### INSTRUCTIONS FOR THE TASK:
Set down every record below exactly as it stands, with the pictures omitted.

### Stored data entries:
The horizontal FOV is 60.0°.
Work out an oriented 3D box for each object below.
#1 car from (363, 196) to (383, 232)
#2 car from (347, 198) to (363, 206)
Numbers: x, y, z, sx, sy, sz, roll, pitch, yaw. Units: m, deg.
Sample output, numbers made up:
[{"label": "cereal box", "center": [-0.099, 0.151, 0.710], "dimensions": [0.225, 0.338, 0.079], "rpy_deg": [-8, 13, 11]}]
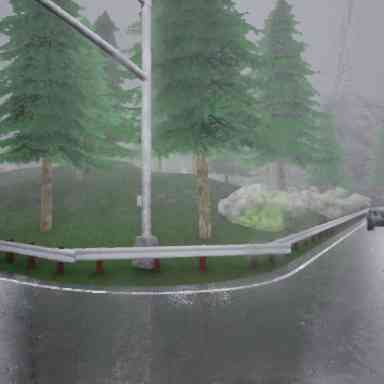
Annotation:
[{"label": "car", "center": [11.985, 1.249, 20.085], "dimensions": [2.150, 2.045, 5.566], "rpy_deg": [0, 0, 33]}, {"label": "car", "center": [21.358, 1.387, 43.002], "dimensions": [1.812, 1.442, 4.674], "rpy_deg": [0, 0, -10]}]
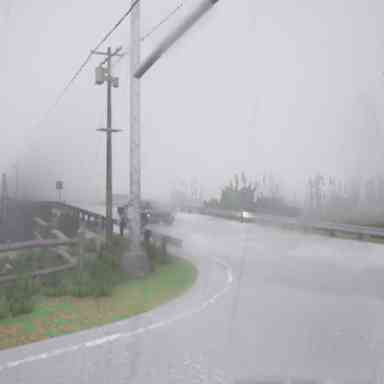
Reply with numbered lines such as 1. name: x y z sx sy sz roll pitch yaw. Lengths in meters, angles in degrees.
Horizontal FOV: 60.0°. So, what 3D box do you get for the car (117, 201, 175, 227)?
1. car: -2.849 1.254 20.041 1.895 1.301 4.718 0 3 -32

### RESPONSE TO THIS TASK:
The horizontal FOV is 60.0°.
Work out an oriented 3D box for each object below.
#1 car from (363, 196) to (383, 232)
#2 car from (347, 198) to (363, 206)
Numbers: x, y, z, sx, sy, sz, roll, pitch, yaw. Units: m, deg.
Sample output, numbers made up:
[{"label": "cereal box", "center": [-0.099, 0.151, 0.710], "dimensions": [0.225, 0.338, 0.079], "rpy_deg": [-8, 13, 11]}]
Annotation:
[{"label": "car", "center": [11.985, 1.249, 20.085], "dimensions": [2.150, 2.045, 5.566], "rpy_deg": [0, 0, 33]}, {"label": "car", "center": [21.358, 1.387, 43.002], "dimensions": [1.812, 1.442, 4.674], "rpy_deg": [0, 0, -10]}]
Reply with numbered lines such as 1. name: x y z sx sy sz roll pitch yaw. Lengths in meters, angles in degrees.
Horizontal FOV: 60.0°. So, what 3D box do you get for the car (117, 201, 175, 227)?
1. car: -2.849 1.254 20.041 1.895 1.301 4.718 0 3 -32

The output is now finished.